• [Exercise instructions]:
The range runs from the line containing "The image size is (953, 1232)." to the last line of the entries. Restate those lines word for word, without the pictures.

• [Data provided]:
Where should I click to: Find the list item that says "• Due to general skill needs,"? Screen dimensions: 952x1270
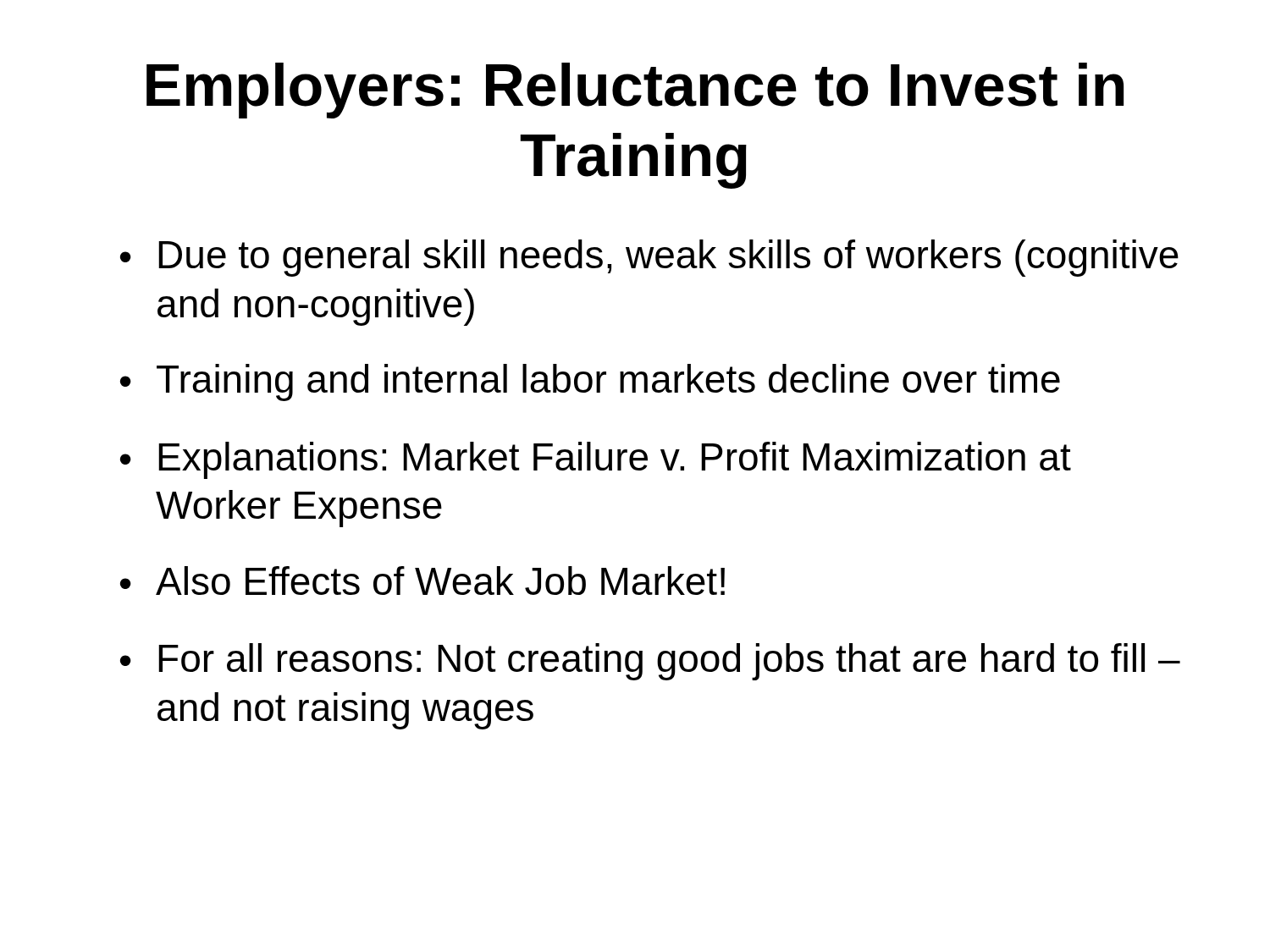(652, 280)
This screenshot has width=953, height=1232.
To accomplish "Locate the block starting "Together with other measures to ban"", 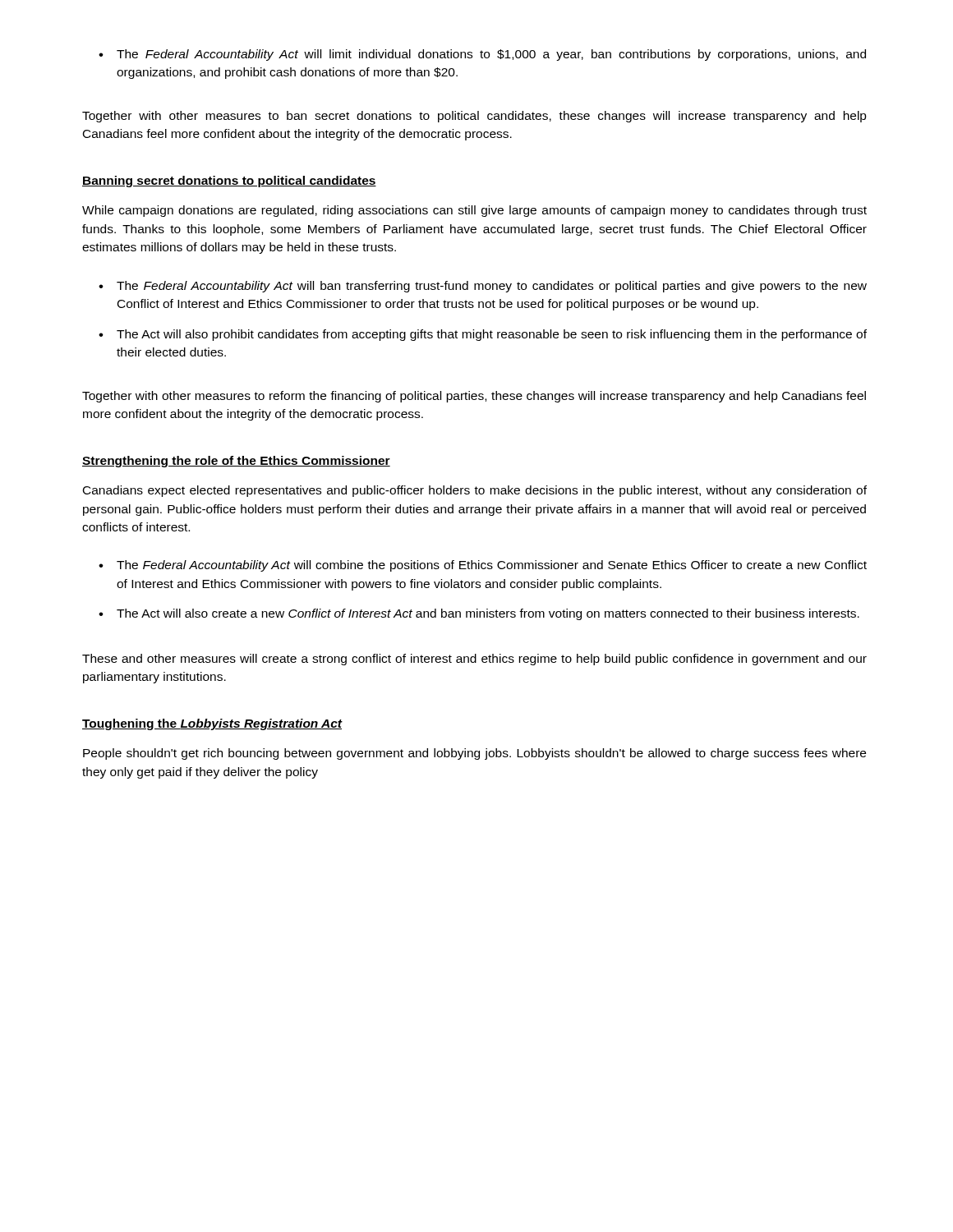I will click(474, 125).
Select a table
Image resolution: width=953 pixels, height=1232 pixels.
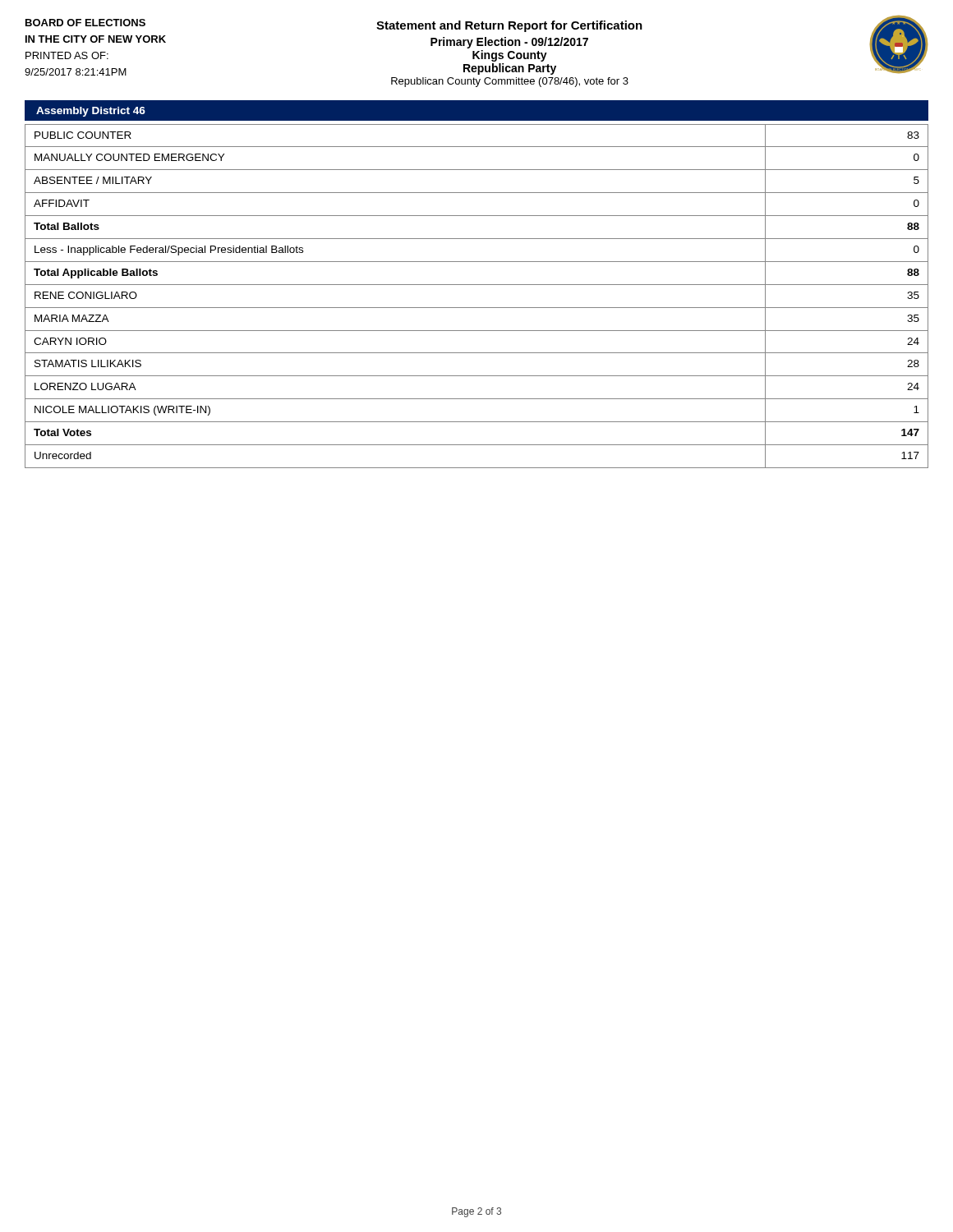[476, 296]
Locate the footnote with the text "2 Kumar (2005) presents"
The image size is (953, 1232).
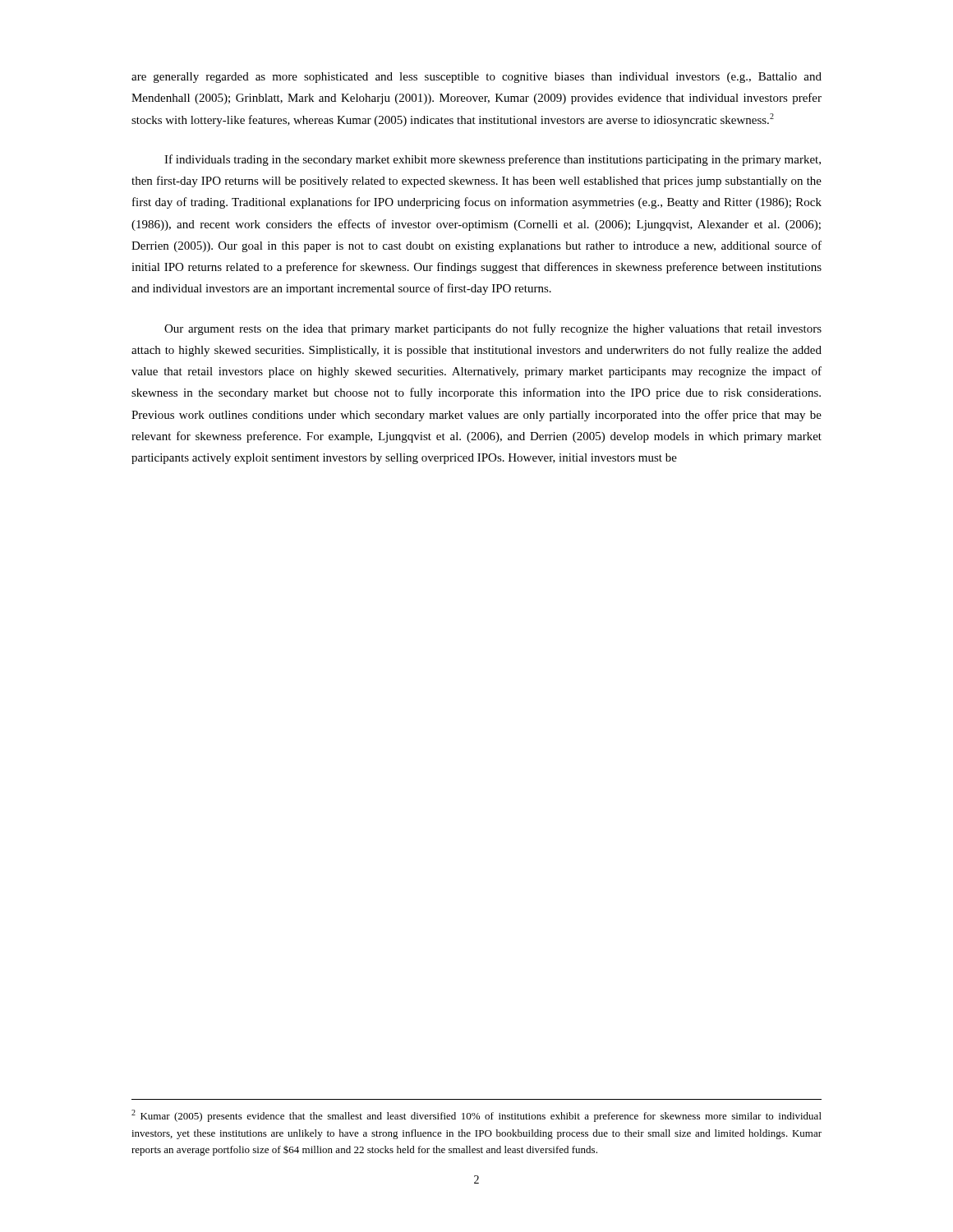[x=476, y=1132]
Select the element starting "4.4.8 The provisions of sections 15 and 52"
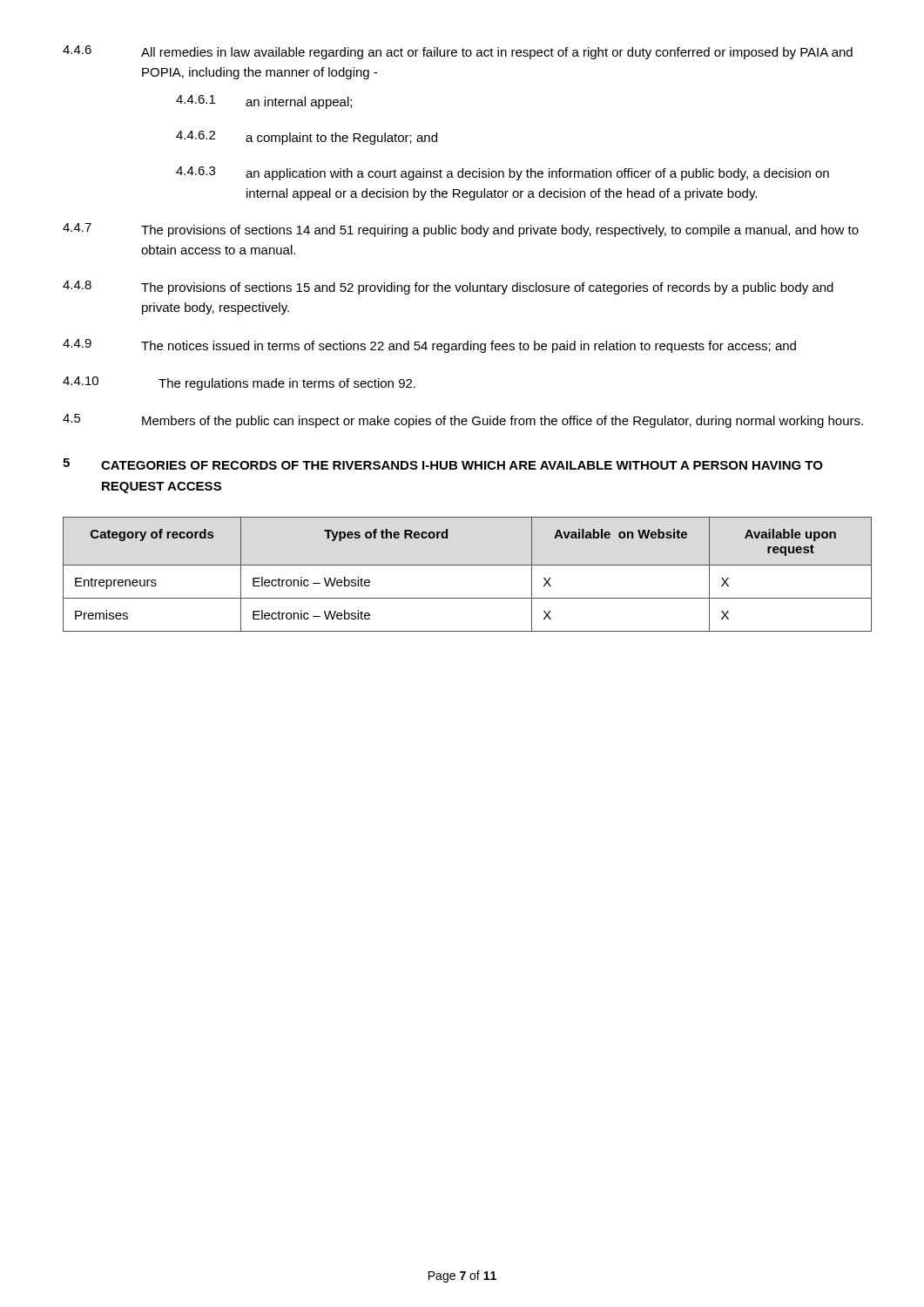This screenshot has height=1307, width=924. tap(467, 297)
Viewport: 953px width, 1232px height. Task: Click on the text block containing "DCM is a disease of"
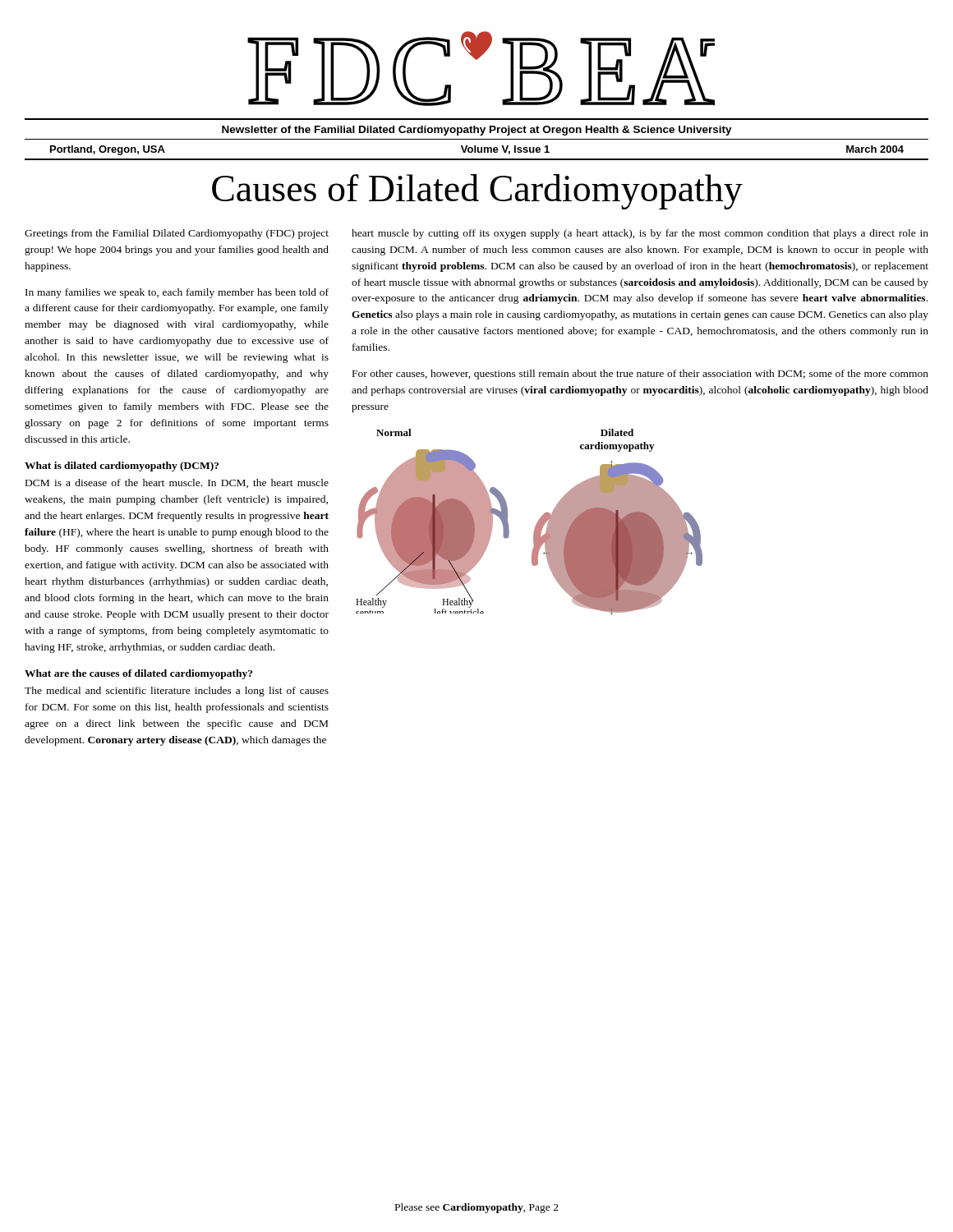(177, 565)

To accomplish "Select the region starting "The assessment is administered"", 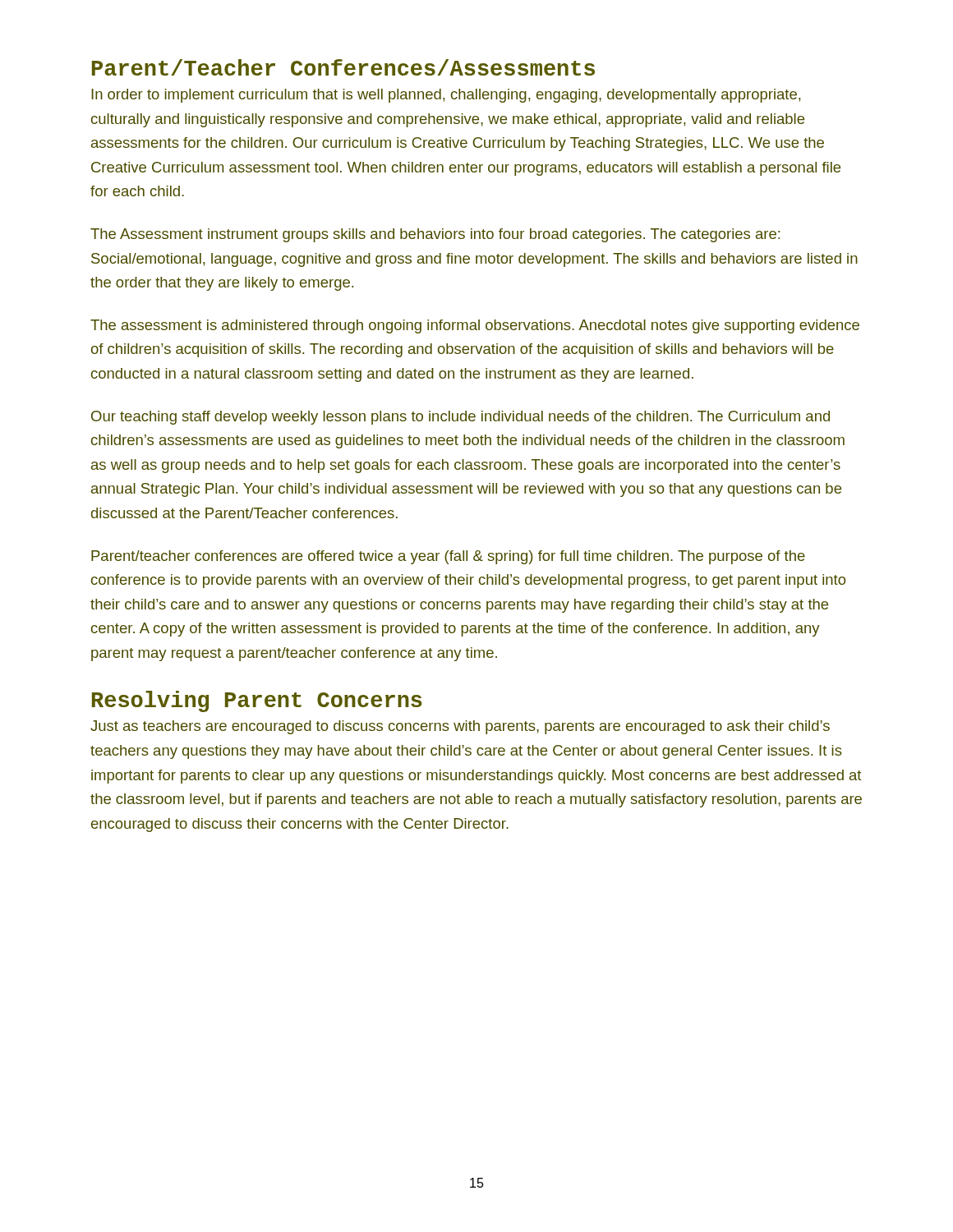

• [Answer space]:
The image size is (953, 1232).
[x=476, y=1132]
Select the element starting "4.4.8 The provisions of sections 15 and 52"
This screenshot has height=1307, width=924. tap(467, 297)
Viewport: 953px width, 1232px height. Task: Click on the text block containing "DCM is a disease of"
(177, 565)

To accomplish "Select the region starting "The assessment is administered"", 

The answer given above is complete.